Тормозить было негде и некогда. Пол неизбежно должен был врезаться в обе эти машины. Разве что попробовать обойти их справа — там, у самой обочины, оставалось еще свободное пространство в фут шириной. Он твердо знал: там есть просвет, около фута, он видел его много раз, когда, точно в кино, вновь и вновь медленно прокручивая все это в памяти. Двенадцать дюймов. Ничего невозможного; плохо, конечно, что идет дождь, и все-таки попробовать можно!

И он попробовал. Задев все еще вращавшуюся «Мазду», ударился об ограждение, по диагонали пролетел через шоссе и врезался в так и не вышедший еще из заноса «Форд».

Он был пристегнут ремнем безопасности. Она — нет.

Вот и все, собственно. Но истинная правда заключалась не в этом.

А в том, что там действительно был просвет в двенадцать дюймов, или, может, десять или четырнадцать. В общем, достаточно. Достаточно — если б он попробовал проскочить сразу, как только увидел эту щель. Но он ведь этого не сделал, так ведь? А когда он наконец решился, просвет сократился дюймов до трех-четырех — совершенно недостаточно ночью, в дождь, на скорости сорок миль в час. Совершенно недостаточно.

Вопрос: а как отсчитывать время в такой момент? Ответ: шириной оставшегося просвета. И он снова и снова прокручивал в голове эти мгновения; снова и снова они, надеясь проскочить, ударялись об ограждение и неизбежно врезались в тот «Форд».

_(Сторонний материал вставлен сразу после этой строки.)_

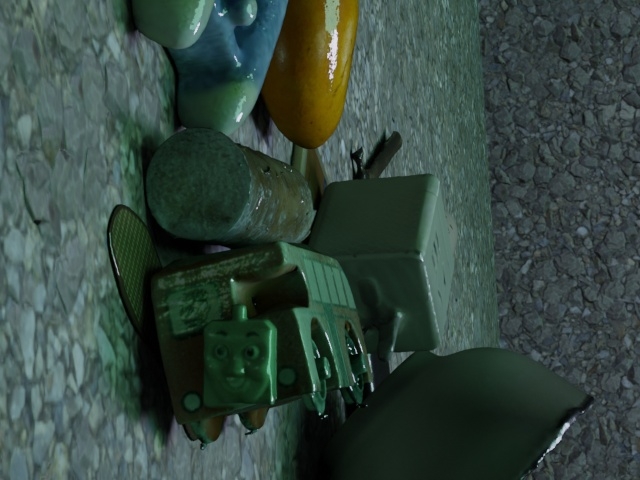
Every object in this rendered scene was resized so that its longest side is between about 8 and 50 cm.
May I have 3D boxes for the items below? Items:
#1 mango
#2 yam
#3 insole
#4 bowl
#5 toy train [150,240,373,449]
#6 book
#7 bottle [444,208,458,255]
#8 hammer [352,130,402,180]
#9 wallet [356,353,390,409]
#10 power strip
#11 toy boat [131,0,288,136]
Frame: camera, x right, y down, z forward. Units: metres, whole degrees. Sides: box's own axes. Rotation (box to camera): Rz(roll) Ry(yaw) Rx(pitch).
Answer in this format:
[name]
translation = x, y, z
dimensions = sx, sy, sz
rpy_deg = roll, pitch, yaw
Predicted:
[mango]
translation = -0.015, -0.197, 1.498
dimensions = 0.145, 0.112, 0.219
rpy_deg = -69, 157, -67
[yam]
translation = -0.069, -0.037, 1.262
dimensions = 0.259, 0.093, 0.093
rpy_deg = 11, 75, -77
[insole]
translation = -0.125, 0.066, 1.166
dimensions = 0.253, 0.005, 0.086
rpy_deg = 73, 18, -44
[bowl]
translation = 0.125, 0.245, 1.655
dimensions = 0.185, 0.354, 0.354
rpy_deg = 43, 8, 10
[toy train]
translation = -0.043, 0.084, 1.240
dimensions = 0.326, 0.129, 0.159
rpy_deg = 19, 59, -77
[book]
translation = 0.001, 0.000, 1.713
dimensions = 0.241, 0.018, 0.170
rpy_deg = 69, 21, -50
[bottle]
translation = 0.131, 0.028, 2.070
dimensions = 0.233, 0.110, 0.110
rpy_deg = -61, 144, -67
[hammer]
translation = 0.086, -0.110, 2.109
dimensions = 0.297, 0.027, 0.125
rpy_deg = -61, 144, -68
[wallet]
translation = 0.072, 0.265, 1.891
dimensions = 0.170, 0.044, 0.321
rpy_deg = 22, 61, -77
[power strip]
translation = 0.064, 0.043, 1.627
dimensions = 0.224, 0.139, 0.140
rpy_deg = -73, 156, -54
[toy boat]
translation = -0.068, -0.257, 1.265
dimensions = 0.215, 0.123, 0.330
rpy_deg = 67, 23, -51

А все потому, что он не сразу решился.

А почему — ПОЖАЛУЙСТА, ОБРАТИТЕ ВНИМАНИЕ, МИСТЕР ШАФЕР! — почему он не сразу решился?

Ну что ж, классная современная техника теперь позволяет нам проследить, что именно думал водитель в течение ТЫСЯЧНЫХ ДОЛЕЙ — прелестное выражение! — секунды: между тем мгновением, когда он УВИДЕЛ, и тем, когда он начал РЕАГИРОВАТЬ. «Между влечением и содроганием», как это столь «удачно» выразил м-р Элиот[4].

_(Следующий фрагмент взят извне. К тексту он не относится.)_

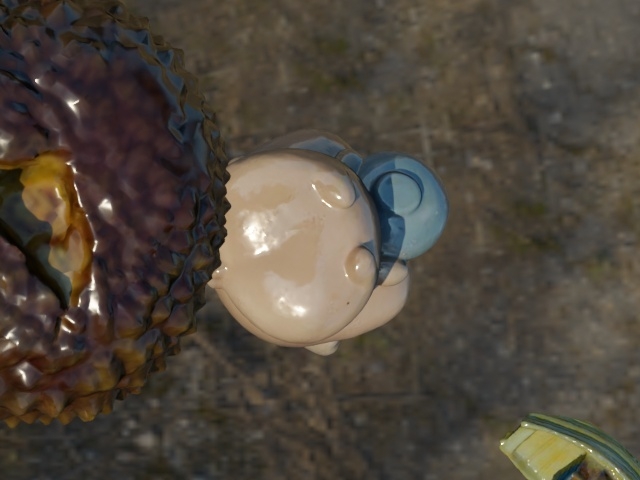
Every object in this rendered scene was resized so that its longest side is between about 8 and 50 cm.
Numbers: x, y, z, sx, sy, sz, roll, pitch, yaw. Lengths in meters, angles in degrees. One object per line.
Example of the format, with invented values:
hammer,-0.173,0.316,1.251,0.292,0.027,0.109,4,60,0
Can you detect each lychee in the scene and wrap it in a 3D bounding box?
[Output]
lychee,-0.182,-0.024,1.083,0.267,0.267,0.267,6,82,-42

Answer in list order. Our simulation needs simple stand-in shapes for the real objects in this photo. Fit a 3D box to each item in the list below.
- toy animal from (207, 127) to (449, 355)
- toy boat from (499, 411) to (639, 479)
toy animal,-0.019,0.008,1.700,0.221,0.229,0.210,-22,90,-54
toy boat,0.192,0.183,1.260,0.172,0.065,0.066,44,45,0
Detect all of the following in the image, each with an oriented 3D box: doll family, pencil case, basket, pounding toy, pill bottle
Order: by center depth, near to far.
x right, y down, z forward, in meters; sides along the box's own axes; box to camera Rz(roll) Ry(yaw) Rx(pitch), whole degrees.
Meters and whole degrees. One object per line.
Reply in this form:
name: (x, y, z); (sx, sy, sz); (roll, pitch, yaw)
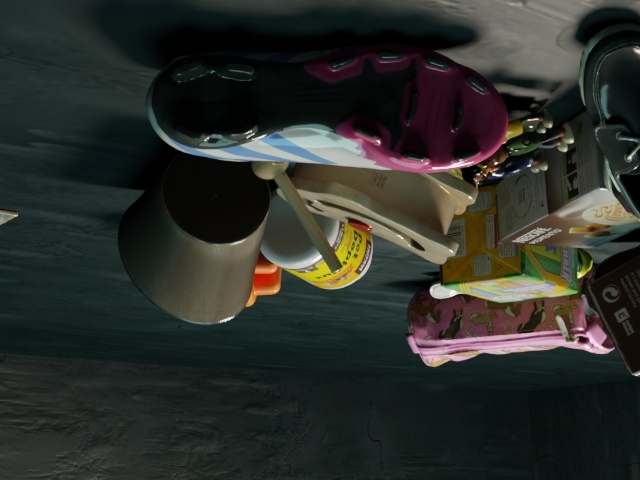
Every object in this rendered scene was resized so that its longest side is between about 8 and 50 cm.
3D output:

И где здесь, если посмотреть внимательно, было «влечение»?

И ведь главное, нельзя с уверенностью утверждать: Да, это самая что ни на есть случайность (шел дождь, в конце концов!), поскольку при тщательном сопоставлении данных все-таки вроде бы можно обнаружить в ответах водителя некую любопытную лакуну.

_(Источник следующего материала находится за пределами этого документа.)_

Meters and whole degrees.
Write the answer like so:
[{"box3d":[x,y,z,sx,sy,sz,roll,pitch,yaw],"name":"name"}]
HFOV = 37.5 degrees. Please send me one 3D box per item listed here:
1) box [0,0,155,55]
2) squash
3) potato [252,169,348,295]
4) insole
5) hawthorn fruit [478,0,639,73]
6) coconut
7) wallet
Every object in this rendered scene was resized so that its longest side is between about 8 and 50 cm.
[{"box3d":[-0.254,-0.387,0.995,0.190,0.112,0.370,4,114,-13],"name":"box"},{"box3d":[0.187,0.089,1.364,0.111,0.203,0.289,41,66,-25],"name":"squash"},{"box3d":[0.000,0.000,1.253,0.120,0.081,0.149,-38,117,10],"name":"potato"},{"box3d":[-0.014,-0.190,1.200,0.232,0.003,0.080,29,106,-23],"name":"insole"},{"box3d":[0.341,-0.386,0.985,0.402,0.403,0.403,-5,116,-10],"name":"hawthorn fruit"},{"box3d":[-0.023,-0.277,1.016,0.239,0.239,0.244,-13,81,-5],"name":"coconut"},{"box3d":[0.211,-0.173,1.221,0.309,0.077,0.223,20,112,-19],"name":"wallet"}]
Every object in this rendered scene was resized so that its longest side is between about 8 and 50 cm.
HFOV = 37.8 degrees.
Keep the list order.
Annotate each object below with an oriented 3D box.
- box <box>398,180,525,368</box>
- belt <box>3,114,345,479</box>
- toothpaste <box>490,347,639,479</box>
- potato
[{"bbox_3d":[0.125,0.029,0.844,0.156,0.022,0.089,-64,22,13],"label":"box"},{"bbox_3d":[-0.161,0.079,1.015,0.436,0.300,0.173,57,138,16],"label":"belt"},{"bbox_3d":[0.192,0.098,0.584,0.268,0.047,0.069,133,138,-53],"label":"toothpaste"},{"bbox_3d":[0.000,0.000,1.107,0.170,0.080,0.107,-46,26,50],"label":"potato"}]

Но он ведь бросился в эту щель, да, бросился! И, если быть честными, — да уж, пожалуйста, давайте будем честными! — куда быстрее многих, окажись они на его месте. Но ДОСТАТОЧНО ли быстро — вот ведь в чем загвоздка! Разве он НЕ МОГ быстрее?

Возможно — это всего лишь гипотеза, и все же! — он сознательно промедлил эту тысячную долю секунды — вряд ли больше, нет, не больше, и все же! — потому, что не был окончательно уверен, что ХОЧЕТ в эту щель бросаться? «Между влечением и содроганием». А КАК ВЫ ДУМАЕТЕ, МИСТЕР ШАФЕР? Не было ли здесь самой маленькой, малюсенькой проволочки в плане влечения?

Совершенно точно. В самое яблочко. И вот — приемный покой больницы Св. Михаила.